Sometimes I wonder if the miracle was in the speaking or in the hearing?

But the gift of tongues isn’t the major issue here. 

The fact of the matter is, it was simply a tool provided to them so that they could fulfil the promise that Jesus had made in Acts 1:8 But you will receive power when the Holy Spirit comes upon you. And you will be my witnesses, telling people about me everywhere—in Jerusalem, throughout Judea, in Samaria, and to the ends of the earth.”

These disciples were told that they would be filled with power and would be witnesses to places that they had only heard of.  How would they speak the language?
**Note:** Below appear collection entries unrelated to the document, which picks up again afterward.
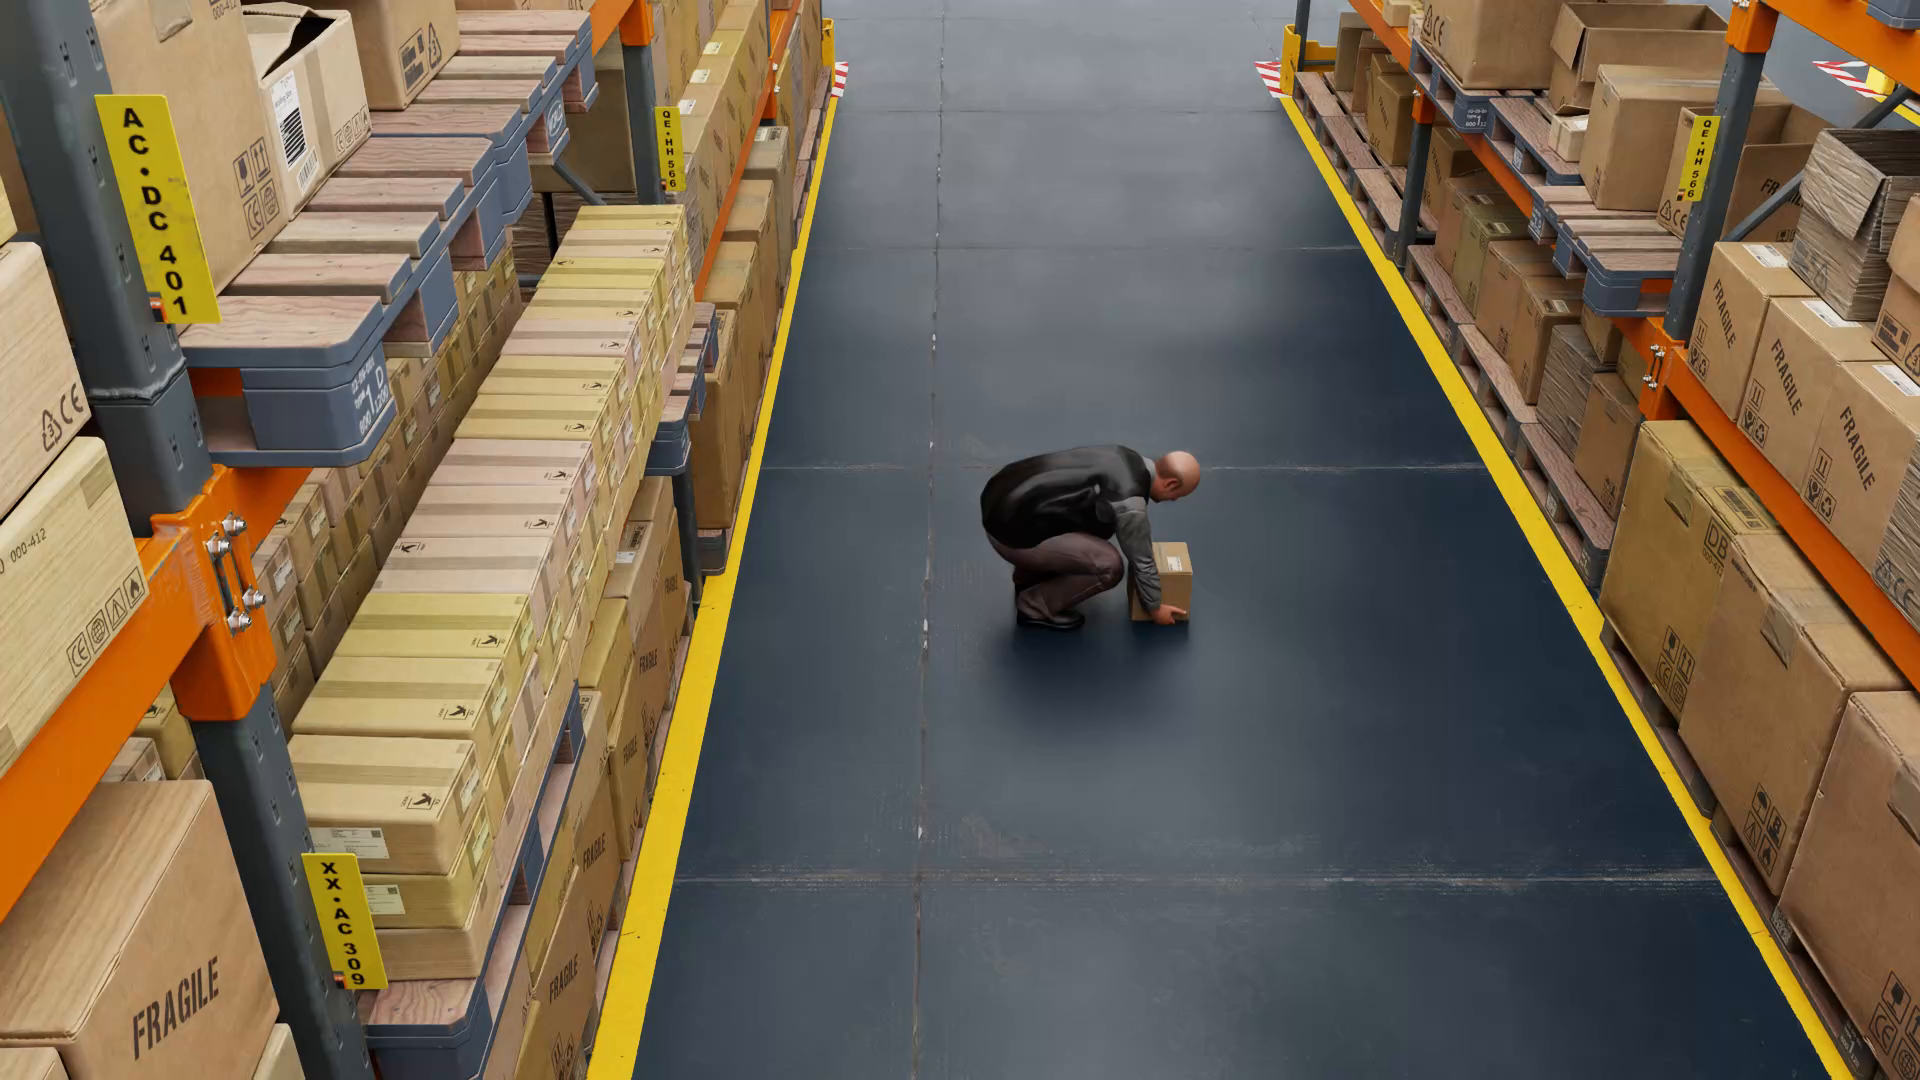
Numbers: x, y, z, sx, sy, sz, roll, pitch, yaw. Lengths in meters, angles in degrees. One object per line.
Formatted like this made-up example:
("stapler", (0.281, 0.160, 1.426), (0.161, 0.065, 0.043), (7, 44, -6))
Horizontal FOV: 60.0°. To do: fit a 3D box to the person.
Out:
("person", (0.553, -0.019, 7.158), (0.933, 0.782, 0.509), (-1, 31, -1))

Hey, no problem, the Holy Spirit has you covered.

Where would they get the courage?  Hey, no problem, the Holy Spirit has you covered. 

This group was certainly on their way to be a church that was ingrown and stagnant and then suddenly they were proclaiming the greatness and wonder of their Lord so loud that people on the street wondered what was happening.

The miracle here was not the language that they spoke in, but that they had the courage to speak in any language at all. 

This is the same bunch that ran and hid when Jesus was arrested. 

As far as we can tell this was the first time that Peter had ever preached to a crowd this size and three thousand people were saved. 

“Incredible.” you say “Denn why doesn’t that happen when you preach?”  Good question, but then again when was the last time that you were so filled with the Holy Spirit that three thousand people showed up to find out what was happening.

When the crowd came and saw the believers do you know what their reaction was?  Yeah, some made fun of them saying “They are drunk, that’s all!”  I bet it’s been a while since anyone mistook our salvation for intoxication. 

From these 120 people, men and women who were filled with the Holy Spirit, the world was changed. 

On a typical Sunday morning, before everything changed, we had over twice that number worshipping at Cornerstone, I wonder what God could do with us if we let him?